Frequently Asked Questions

How can active learning help teach AI ethics to Primary 6 students?
Active learning makes AI ethics engaging by turning abstract ideas into experiences. Role-plays of bias scenarios let students feel impacts on 'victims,' while debates build argumentation skills. Case study stations encourage evidence-based analysis, helping students connect ethics to real Singapore contexts like Smart Nation projects. This approach boosts retention and moral reasoning over lectures.
What are examples of algorithmic bias for kids?

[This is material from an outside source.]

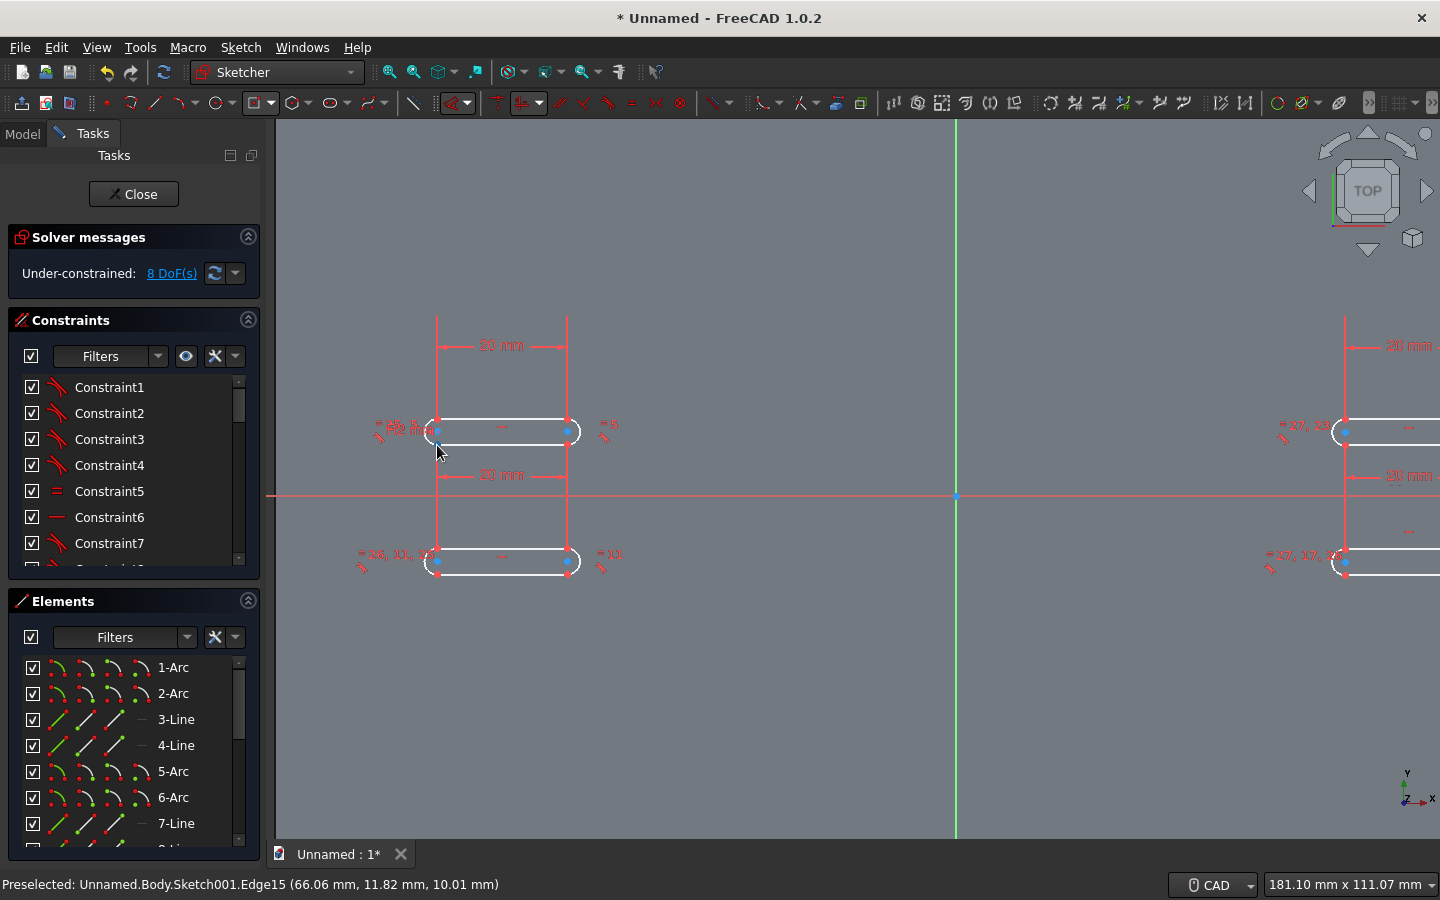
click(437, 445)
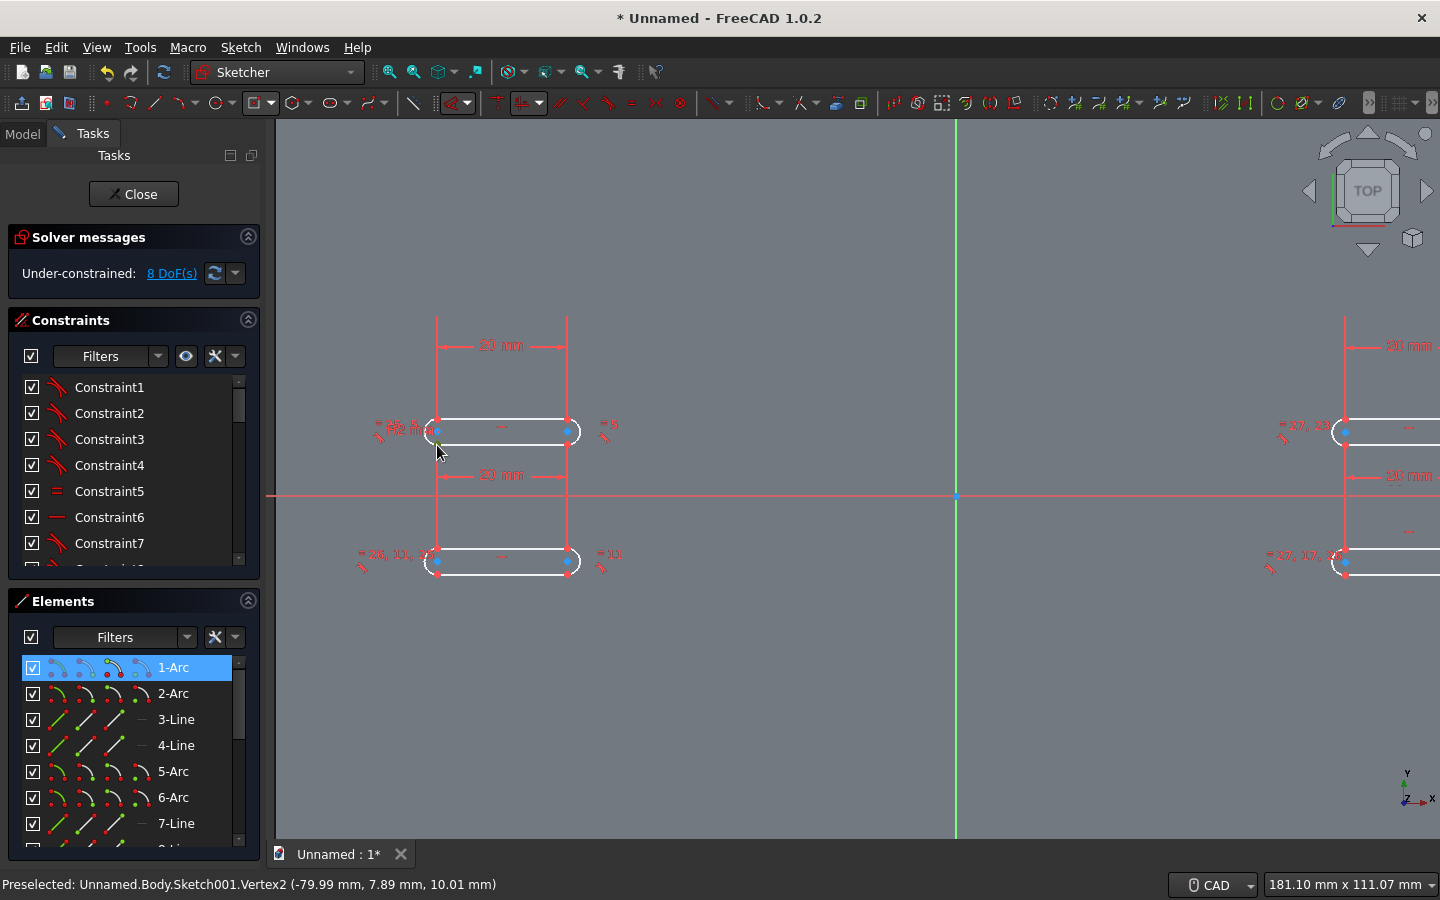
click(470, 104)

Algorithmic bias happens when AI favors certain groups due to flawed training data. For example, facial recognition might fail on darker skin tones if mostly trained on light-skinned faces, or hiring tools could overlook women if past data shows male dominance. Students can explore these via simplified videos and group discussions to grasp societal effects.
How does AI affect jobs in Singapore?
AI may displace routine jobs like data entry but create demand for skills in programming and AI ethics. Singapore's SkillsFuture initiative prepares workers through reskilling. Classroom predictions help students see balanced views: automation in MRT systems frees humans for oversight roles, emphasizing adaptability.
What ethical challenges come with autonomous AI decisions?
Autonomous AI, like self-driving cars choosing crash paths, raises dilemmas on prioritizing lives. Developers must code ethical rules, but biases can skew outcomes. Students debate frameworks like utilitarianism versus individual rights, linking to MOE moral reasoning for thoughtful public policy views.